Short Chorus Packets in Radiation Belts: Statistics and Role in Energetic Electron Acceleration

Abstract

Whistler-mode chorus waves contribute significantly to electron acceleration in Earth's radiation belts. It is unclear, however, whether the observed acceleration can be well described by quasi-linear theory alone, or if this acceleration is due to intense waves that require a nonlinear treatment. This paper reports on a comprehensive statistical analysis of 8 years of lower-band chorus wave packets measured by the Van Allen Probes and THEMIS spacecraft, performed to examine whether, when, and where these waves are above the theoretical threshold for nonlinear resonant wave-particle interaction. We find that ∼ 5–30% of all chorus waves may interact nonlinearly with ∼ 30–300 keV electrons.
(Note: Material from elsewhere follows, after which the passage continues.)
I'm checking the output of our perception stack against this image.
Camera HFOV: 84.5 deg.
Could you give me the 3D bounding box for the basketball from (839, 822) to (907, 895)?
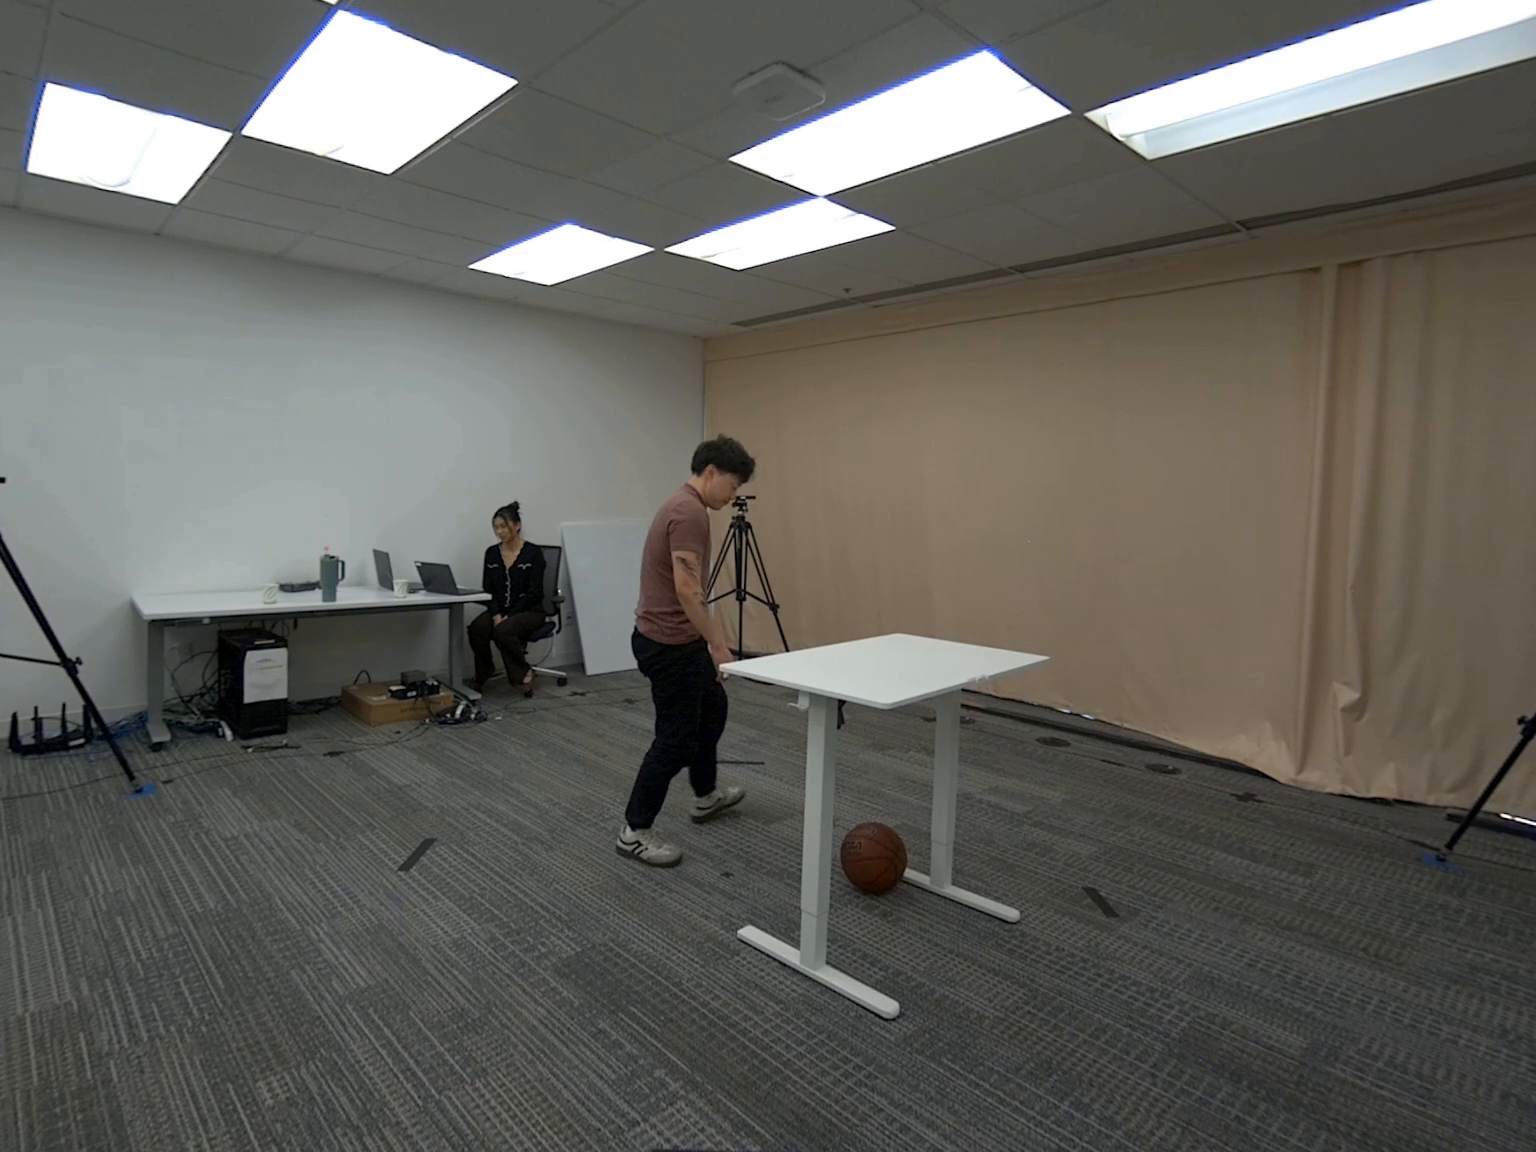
[{"bbox_3d":[0.362,1.004,3.009,0.236,0.235,0.237,1,4,-1],"label":"basketball"}]

Such considerable occurrence rates of nonlinear interaction imply that the evolution of energetic electron fluxes should be dominated by nonlinear effects, rather than by quasi-linear diffusion as commonly assumed. However, we also find that only 15% of the wave power is carried by long packets considered in classical nonlinear models of wave-particle interaction, whereas 85% of the wave power comes from short packets with large frequency variations. We show that observed frequency fluctuations significantly reduce acceleration rates to realistic, moderate levels. Our results explain why global diffusive models of wave-particle interaction may statistically explain radiation belt dynamics, despite the fact that most observed wave amplitudes well exceed the maximum amplitudes for a safe application of the quasi-linear theory.